For business objectives that are critical enough to require Tier III or IV facilities, Uptime Institute recommends a minimum of one to two qualified operators on site 24 hours per day, 7 days per week, 365 days per year (24 x 7). Some facilities feel that having operators on site only during normal business hours is adequate, but they are running at a higher risk the rest of the time. Even with outstanding on-call and escalation procedures, emergencies may intensify quickly in the time it takes an operator to get to the site.

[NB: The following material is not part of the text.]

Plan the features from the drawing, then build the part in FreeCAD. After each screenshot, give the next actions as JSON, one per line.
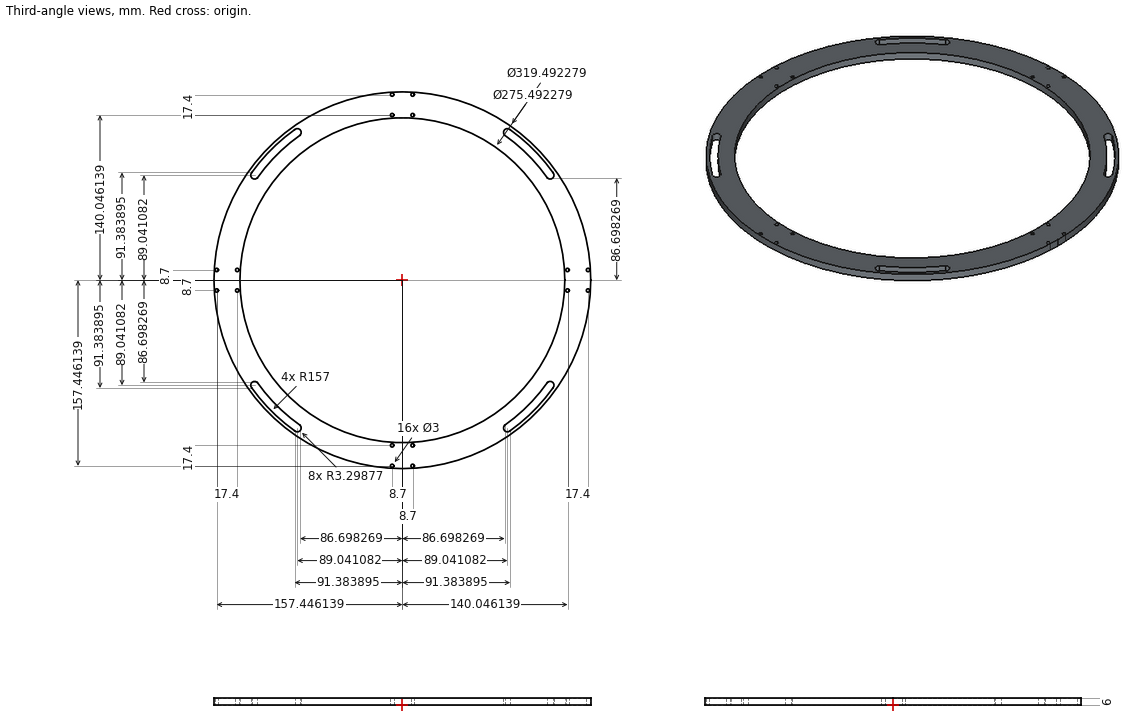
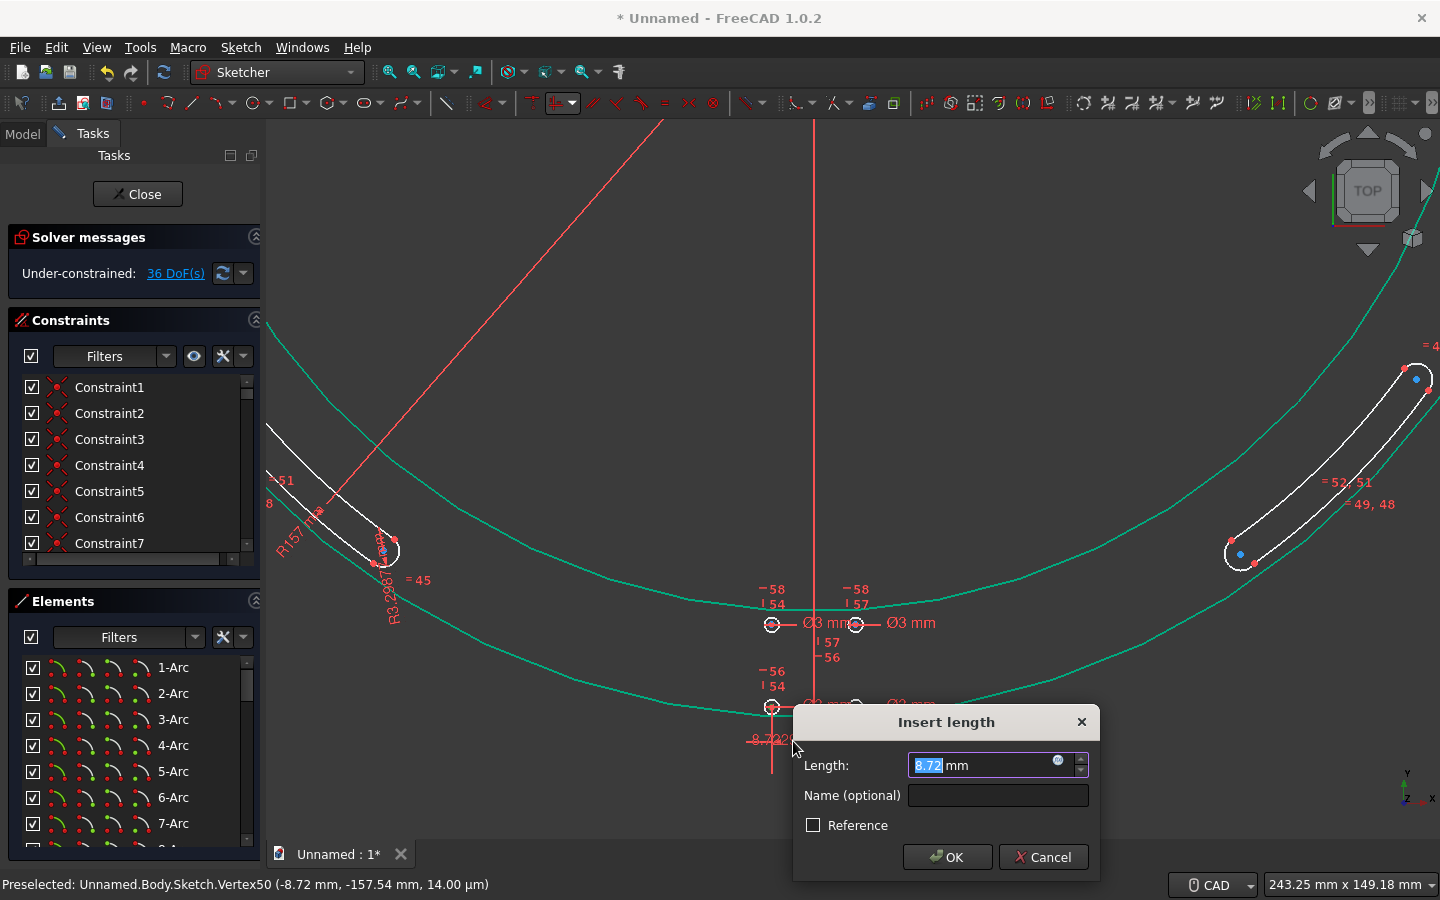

Increased automation within critical facilities causes some to believe it appropriate to operate as a “Lights Out” facility. However, there is an increased risk to the facility any time there is not a qualified operator on site to react to an emergency. While a highly automated building may be able to make a correction autonomously from a single fault, those single faults often cascade and require a human operator to step in and make a correction.
The value of having qualified personnel on site is reflected in Figure 5, which shows the percentage of data center saves (incident avoidance) based on the AIRs database.
Equipment redundancy is the largest single category of saves at 38%. However, saves from staff performing proper maintenance and having technicians on site that detected problems before becoming incidents totaled 42%.
Justifying Qualified Staff
The cost of having qualified staff operating and maintaining a data center is typically one of the largest, if not the largest, expense in a data center operating budget. Because of this, it is often a target for budget reduction. Communicating the risk to continuous operations may be the best way to fight off staffing cuts when budget cuts are proposed. Documenting the specific maintenance activities that will no longer be performed or the availability of personnel to monitor and respond to events can support the importance of maintaining staffing levels.
Cutting budget in this way will ultimately prove counterproductive, result in ineffective staffing, and waste initial efforts to design and plan for the operation of a highly available and reliable data center. Properly staffing, and maintaining the appropriate staffing, can reduce the number and severity of incidents. In addition, appropriate staffing helps the facility operate as designed, ensuring planned reliability and energy use levels.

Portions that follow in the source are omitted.